Cashion conducted research combining genomic technologies, including microarrays, with behavioral questionnaires to study gene–environment interactions associated with obesity among kidney transplant recipients during the first year after transplantation. She later served as lead investigator of the NINR’s Genomic and Clinical Biomarkers Laboratory, where her work applied the NIH Symptom Science Model to identify biomarkers related to risk stratification across multiple health outcomes. She served as president of the International Society of Nurses in Genetics.

Cashion joined the National Institute of Nursing Research (NINR) in 2011 as a senior advisor to then-NINR director Patricia A. Grady.

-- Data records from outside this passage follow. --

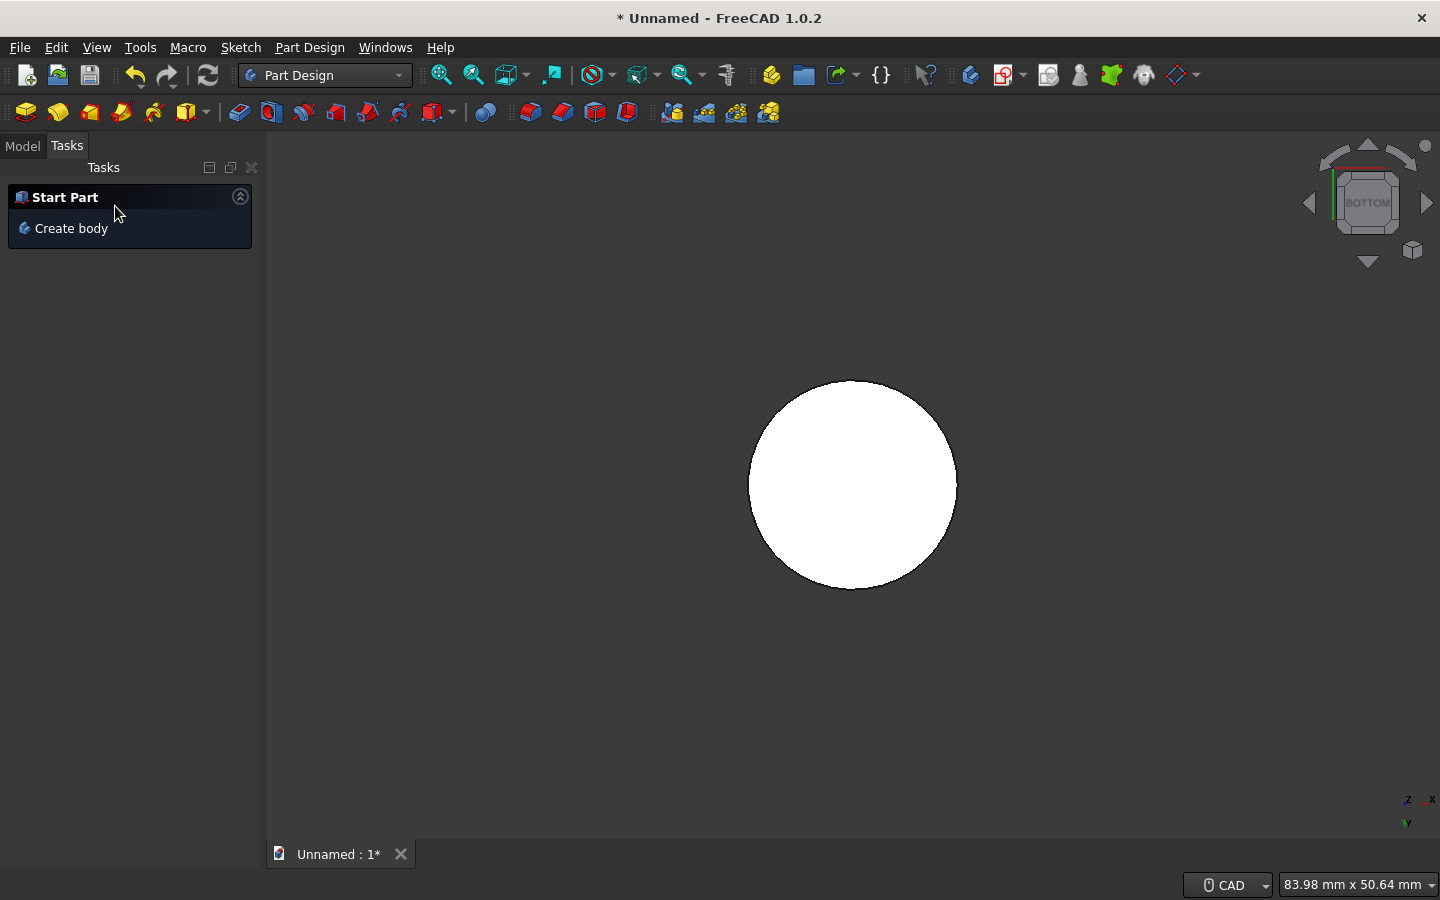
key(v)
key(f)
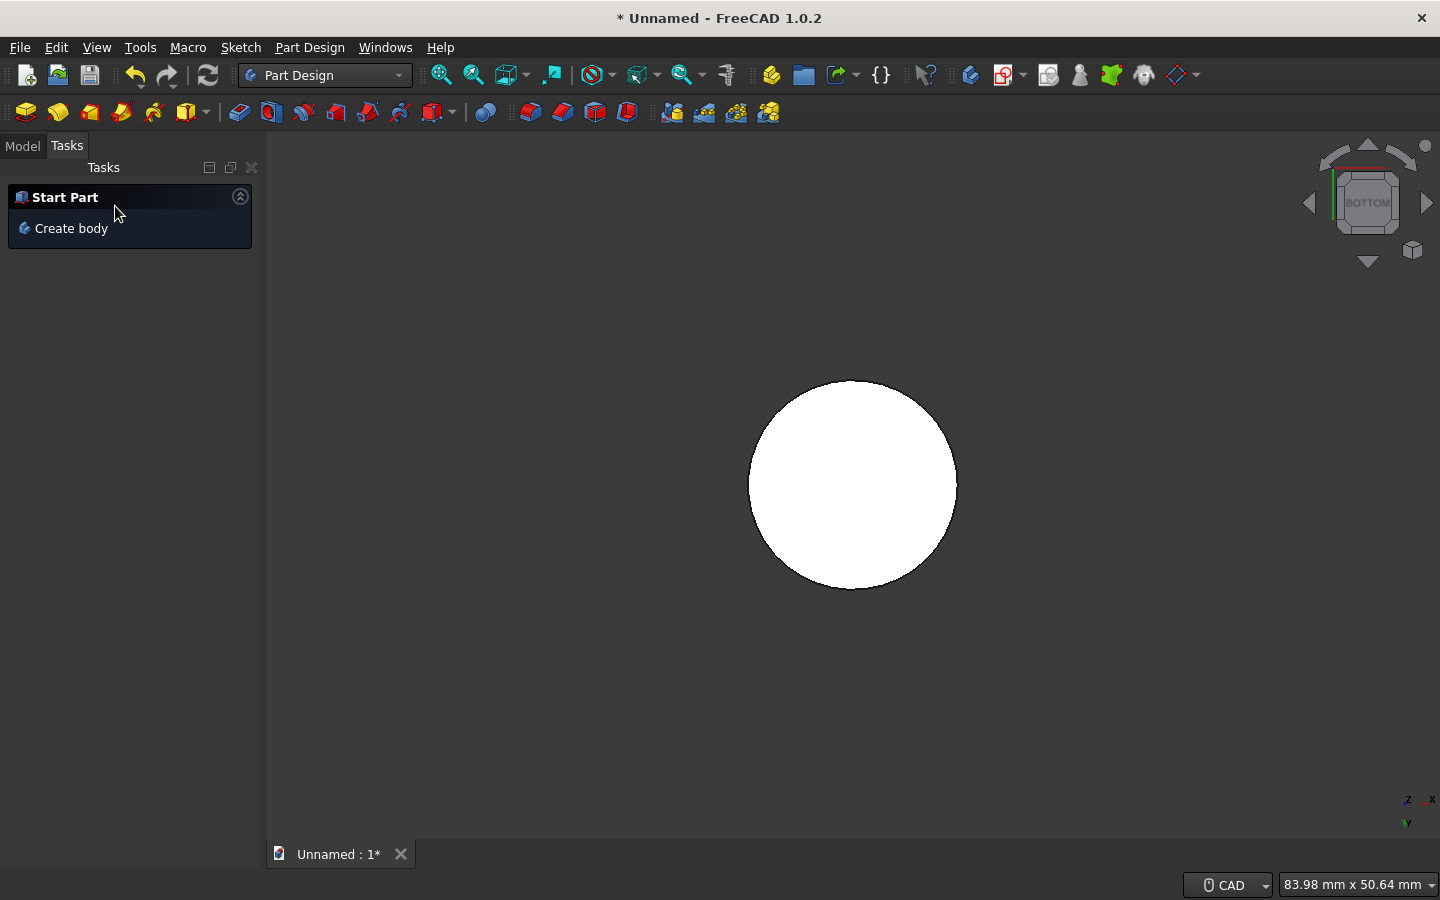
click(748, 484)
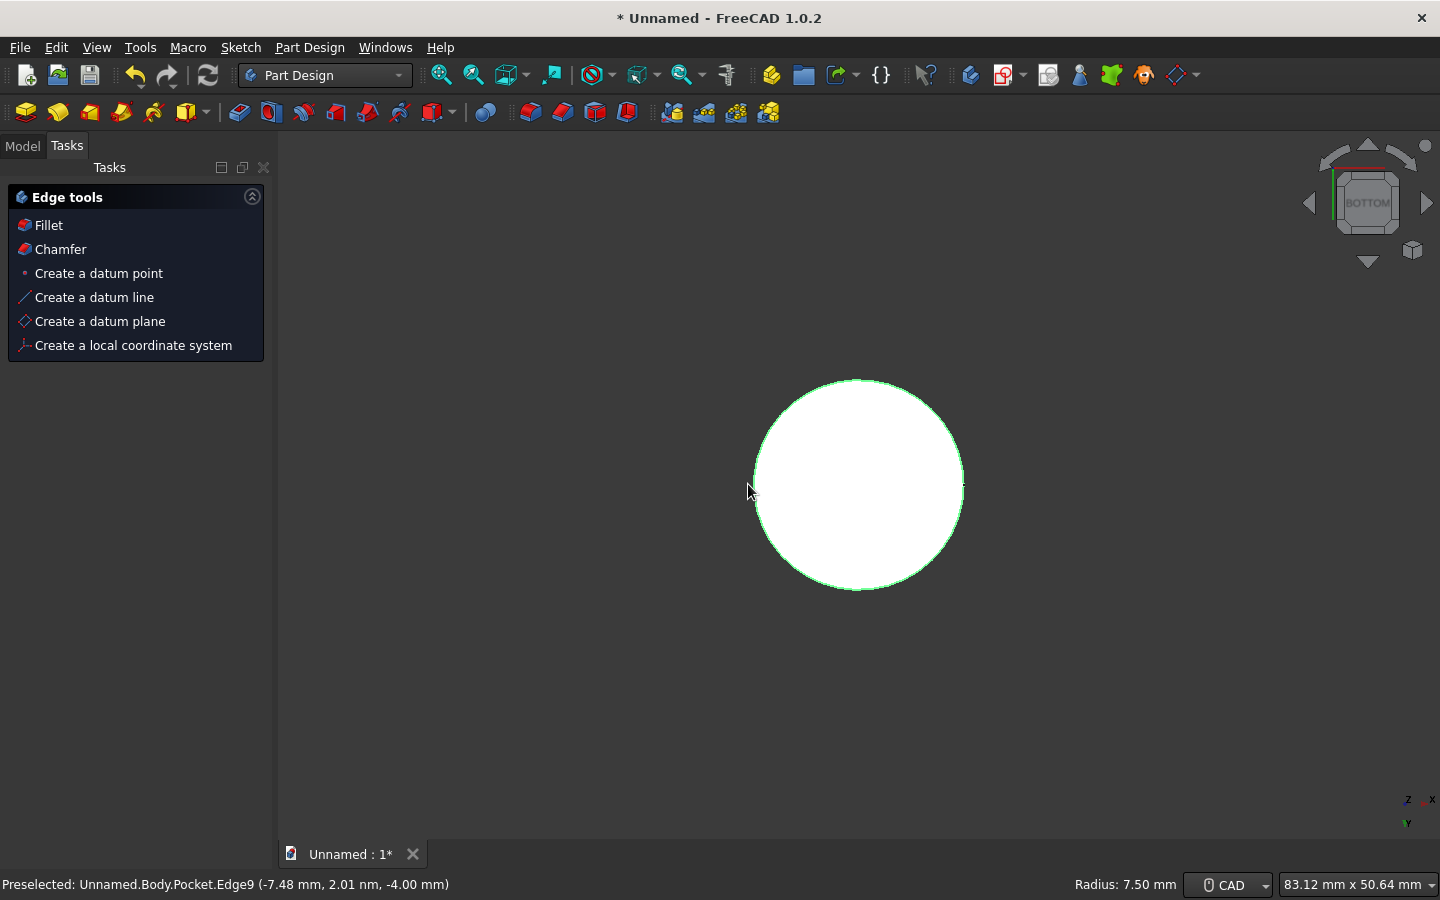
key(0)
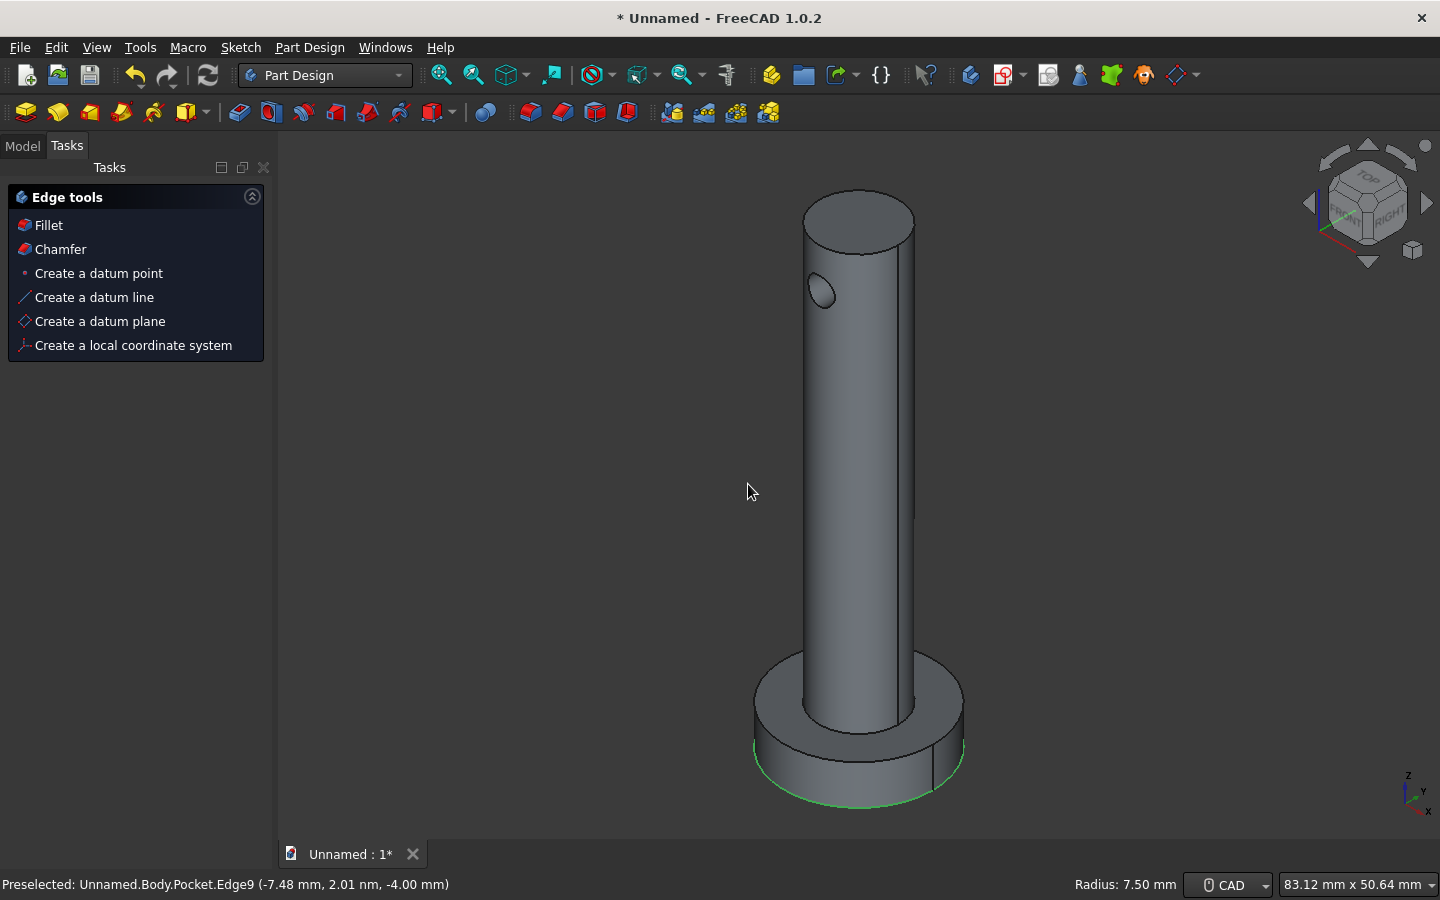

She served as acting scientific director before being appointed permanently in November 2013. She was named NINR acting deputy director in January 2018. Cashion was the acting NINR director from September 2018 until September 30, 2019. Lawrence A. Tabak succeeded Cashion as the acting NINR director.

On July 1, 2020, Cashion rejoined the UTHSC as a professor in the college of nursing. As of 2022, she is a professor emerita in the department of health promotion/disease prevention.